====== Working data

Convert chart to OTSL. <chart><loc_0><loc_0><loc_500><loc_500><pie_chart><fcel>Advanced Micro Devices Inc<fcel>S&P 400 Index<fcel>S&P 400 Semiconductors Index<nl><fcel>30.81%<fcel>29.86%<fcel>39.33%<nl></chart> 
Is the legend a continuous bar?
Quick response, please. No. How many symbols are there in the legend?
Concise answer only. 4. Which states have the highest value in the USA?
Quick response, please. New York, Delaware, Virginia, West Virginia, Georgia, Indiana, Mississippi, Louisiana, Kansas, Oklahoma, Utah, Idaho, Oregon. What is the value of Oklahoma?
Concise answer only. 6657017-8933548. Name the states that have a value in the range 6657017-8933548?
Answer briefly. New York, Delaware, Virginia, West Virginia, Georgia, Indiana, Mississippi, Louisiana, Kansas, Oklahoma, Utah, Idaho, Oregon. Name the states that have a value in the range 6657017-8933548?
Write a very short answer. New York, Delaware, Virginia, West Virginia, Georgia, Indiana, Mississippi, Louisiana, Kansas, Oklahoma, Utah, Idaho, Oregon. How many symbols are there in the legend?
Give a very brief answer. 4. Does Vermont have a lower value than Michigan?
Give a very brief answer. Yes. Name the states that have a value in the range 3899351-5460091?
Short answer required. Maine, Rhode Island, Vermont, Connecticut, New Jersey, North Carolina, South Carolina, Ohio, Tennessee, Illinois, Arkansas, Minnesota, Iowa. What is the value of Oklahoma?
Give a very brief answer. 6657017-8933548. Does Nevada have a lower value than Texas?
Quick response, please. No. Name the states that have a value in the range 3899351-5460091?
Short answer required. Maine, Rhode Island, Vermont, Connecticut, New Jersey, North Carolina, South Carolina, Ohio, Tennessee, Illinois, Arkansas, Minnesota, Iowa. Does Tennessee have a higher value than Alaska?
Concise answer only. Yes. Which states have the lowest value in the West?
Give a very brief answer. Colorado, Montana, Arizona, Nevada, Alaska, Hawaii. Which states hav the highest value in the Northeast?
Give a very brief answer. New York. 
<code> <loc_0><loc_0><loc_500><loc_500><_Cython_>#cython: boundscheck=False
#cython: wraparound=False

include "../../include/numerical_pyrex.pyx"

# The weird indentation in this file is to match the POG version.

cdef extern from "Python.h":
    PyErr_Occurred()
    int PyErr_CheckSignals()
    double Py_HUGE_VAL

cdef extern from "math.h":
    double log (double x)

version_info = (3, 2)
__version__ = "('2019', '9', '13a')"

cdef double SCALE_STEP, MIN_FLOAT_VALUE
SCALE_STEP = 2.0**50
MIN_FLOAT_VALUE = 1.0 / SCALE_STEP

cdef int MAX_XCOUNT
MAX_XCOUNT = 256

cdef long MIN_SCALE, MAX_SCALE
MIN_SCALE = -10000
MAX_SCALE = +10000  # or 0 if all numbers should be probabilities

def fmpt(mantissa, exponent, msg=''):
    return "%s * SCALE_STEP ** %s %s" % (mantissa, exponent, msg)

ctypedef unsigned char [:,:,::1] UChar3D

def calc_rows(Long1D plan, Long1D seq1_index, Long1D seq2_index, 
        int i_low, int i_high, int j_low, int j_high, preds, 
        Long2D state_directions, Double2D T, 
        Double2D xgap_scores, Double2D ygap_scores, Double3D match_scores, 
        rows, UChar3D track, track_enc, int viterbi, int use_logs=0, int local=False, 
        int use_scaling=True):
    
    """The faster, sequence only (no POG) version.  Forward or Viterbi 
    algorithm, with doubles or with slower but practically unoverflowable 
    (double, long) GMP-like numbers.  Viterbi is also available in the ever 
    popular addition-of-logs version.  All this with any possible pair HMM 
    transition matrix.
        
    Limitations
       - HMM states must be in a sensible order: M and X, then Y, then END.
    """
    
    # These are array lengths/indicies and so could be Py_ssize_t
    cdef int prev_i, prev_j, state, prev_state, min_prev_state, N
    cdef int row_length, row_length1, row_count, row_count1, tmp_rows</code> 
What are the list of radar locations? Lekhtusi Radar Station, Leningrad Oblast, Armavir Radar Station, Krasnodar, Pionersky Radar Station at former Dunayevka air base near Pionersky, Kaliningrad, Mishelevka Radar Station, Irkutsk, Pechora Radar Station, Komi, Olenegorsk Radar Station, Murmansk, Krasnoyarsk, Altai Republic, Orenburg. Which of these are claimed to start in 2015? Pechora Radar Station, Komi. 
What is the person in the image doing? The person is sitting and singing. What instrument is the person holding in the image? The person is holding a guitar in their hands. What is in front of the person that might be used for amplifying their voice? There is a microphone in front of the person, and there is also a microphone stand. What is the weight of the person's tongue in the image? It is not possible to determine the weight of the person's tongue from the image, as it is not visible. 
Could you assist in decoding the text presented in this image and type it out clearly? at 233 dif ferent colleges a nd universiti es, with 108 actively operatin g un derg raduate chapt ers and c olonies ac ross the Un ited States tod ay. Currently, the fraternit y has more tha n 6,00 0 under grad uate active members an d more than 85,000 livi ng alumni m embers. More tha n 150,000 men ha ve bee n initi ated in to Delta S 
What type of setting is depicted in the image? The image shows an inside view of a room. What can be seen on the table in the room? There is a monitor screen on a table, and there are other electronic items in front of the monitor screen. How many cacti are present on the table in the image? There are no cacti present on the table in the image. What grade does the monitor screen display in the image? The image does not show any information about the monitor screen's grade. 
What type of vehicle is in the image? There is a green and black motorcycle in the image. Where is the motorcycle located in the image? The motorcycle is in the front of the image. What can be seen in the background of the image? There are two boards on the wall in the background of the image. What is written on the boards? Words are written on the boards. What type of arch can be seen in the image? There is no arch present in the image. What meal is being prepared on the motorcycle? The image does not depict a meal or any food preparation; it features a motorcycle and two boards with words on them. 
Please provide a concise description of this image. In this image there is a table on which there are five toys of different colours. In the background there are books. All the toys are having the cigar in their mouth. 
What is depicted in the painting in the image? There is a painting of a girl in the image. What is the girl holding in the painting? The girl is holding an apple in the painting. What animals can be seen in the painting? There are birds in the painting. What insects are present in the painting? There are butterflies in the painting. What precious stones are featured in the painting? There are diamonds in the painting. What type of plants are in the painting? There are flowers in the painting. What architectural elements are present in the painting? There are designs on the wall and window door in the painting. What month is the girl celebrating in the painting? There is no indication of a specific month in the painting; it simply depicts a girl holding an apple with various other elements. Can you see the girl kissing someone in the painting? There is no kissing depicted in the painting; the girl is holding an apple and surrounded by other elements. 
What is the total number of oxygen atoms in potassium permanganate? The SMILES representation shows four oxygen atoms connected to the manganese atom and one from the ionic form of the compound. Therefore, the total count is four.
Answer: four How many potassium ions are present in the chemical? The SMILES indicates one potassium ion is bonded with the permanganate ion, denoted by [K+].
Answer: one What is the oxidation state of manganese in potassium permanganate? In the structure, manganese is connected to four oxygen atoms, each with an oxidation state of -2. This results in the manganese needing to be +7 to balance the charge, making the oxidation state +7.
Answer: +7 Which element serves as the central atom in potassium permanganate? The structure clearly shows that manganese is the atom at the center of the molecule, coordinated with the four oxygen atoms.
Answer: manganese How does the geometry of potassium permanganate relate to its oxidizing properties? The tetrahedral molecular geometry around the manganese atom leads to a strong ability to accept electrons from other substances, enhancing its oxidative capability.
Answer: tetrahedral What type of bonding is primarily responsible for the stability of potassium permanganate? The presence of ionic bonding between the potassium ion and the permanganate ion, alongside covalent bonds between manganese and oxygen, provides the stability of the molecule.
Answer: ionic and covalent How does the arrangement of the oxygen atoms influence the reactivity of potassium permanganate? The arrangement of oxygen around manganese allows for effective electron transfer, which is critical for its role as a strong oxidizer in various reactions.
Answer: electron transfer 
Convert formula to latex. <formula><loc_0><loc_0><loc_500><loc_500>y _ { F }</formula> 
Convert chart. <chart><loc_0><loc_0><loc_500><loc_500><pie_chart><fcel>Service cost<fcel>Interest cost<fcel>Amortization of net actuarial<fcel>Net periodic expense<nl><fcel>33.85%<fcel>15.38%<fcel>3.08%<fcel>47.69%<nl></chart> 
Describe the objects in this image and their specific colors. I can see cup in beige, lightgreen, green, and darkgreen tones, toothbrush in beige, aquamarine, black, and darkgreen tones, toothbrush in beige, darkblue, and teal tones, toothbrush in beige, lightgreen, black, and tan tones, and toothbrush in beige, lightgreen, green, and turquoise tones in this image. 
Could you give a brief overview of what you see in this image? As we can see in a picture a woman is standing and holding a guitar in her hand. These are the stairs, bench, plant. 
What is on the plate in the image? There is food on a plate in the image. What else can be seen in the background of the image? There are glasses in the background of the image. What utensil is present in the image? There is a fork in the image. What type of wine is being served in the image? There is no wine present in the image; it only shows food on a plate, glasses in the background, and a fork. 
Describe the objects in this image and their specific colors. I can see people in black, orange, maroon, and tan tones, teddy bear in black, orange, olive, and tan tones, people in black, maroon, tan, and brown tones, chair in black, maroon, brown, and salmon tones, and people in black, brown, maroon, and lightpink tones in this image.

============

_Exercise details_
Wherever a line in the data above holds "manganese", copy that line.

_Reply_
What is the total number of oxygen atoms in potassium permanganate? The SMILES representation shows four oxygen atoms connected to the manganese atom and one from the ionic form of the compound. Therefore, the total count is four.
Answer: one What is the oxidation state of manganese in potassium permanganate? In the structure, manganese is connected to four oxygen atoms, each with an oxidation state of -2. This results in the manganese needing to be +7 to balance the charge, making the oxidation state +7.
Answer: +7 Which element serves as the central atom in potassium permanganate? The structure clearly shows that manganese is the atom at the center of the molecule, coordinated with the four oxygen atoms.
Answer: manganese How does the geometry of potassium permanganate relate to its oxidizing properties? The tetrahedral molecular geometry around the manganese atom leads to a strong ability to accept electrons from other substances, enhancing its oxidative capability.
Answer: tetrahedral What type of bonding is primarily responsible for the stability of potassium permanganate? The presence of ionic bonding between the potassium ion and the permanganate ion, alongside covalent bonds between manganese and oxygen, provides the stability of the molecule.
Answer: ionic and covalent How does the arrangement of the oxygen atoms influence the reactivity of potassium permanganate? The arrangement of oxygen around manganese allows for effective electron transfer, which is critical for its role as a strong oxidizer in various reactions.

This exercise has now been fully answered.